Background: The prognosis of patients with HPV-negative advanced stage head and neck squamous cell carcinoma (HNSCC) remains poor. No prognostic markers other than TNM staging are routinely used in clinic. Epithelial-to-mesenchymal transition (EMT) has been shown to be a strong prognostic factor in other cancer types. The purpose of this study was to determine the role of EMT in HPV-negative HNSCC outcomes.

Methods: Pretreatment tumor material from patients of two cohorts, totalling 174 cisplatin-based chemoradiotherapy treated HPV-negative HNSCC patients, was RNA-sequenced. Seven different EMT gene expression signatures were used for EMT status classification and generation of HNSCC-specific EMT models using Random Forest machine learning.

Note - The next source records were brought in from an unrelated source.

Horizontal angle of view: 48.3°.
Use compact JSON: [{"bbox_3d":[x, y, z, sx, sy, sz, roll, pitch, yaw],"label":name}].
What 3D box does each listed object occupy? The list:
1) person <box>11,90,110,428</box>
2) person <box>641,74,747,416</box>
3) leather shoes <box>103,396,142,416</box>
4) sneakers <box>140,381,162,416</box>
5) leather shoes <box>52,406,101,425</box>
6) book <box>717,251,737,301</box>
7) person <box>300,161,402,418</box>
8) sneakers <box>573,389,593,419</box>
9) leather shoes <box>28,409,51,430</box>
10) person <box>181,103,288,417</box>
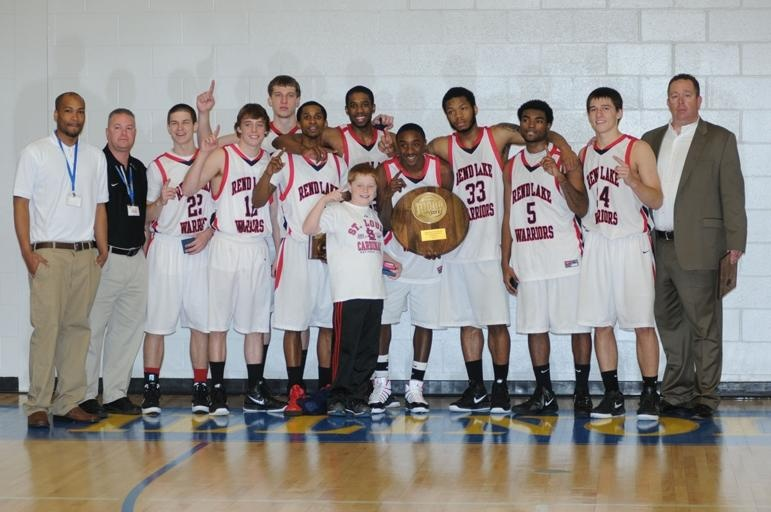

Results: Mesenchymal classification by all EMT signatures consistently enriched for poor prognosis patients in both cohorts of 98 and 76 patients. Uniand multivariate analyses show important HR of 1.6-5.8, thereby revealing EMT's role in HNSCC outcome. Discordant classification by these signatures prompted the generation of an HNSCC-specific EMT profile based on the concordantly classified samples in the first cohort (cross-validation AUC 0.98). The independent validation cohort confirmed the association of mesenchymal classification by the HNSCC-EMT model with poor overall survival (HR = 3.39, p < 0.005) and progression free survival (HR = 3.01, p < 0.005) in multivariate analysis with TNM. Analysis of an additional HNSCC cohort from PET-positive patients with metastatic disease prior to treatment further supports this relationship and reveals a strong link of EMT to the propensity to metastasize.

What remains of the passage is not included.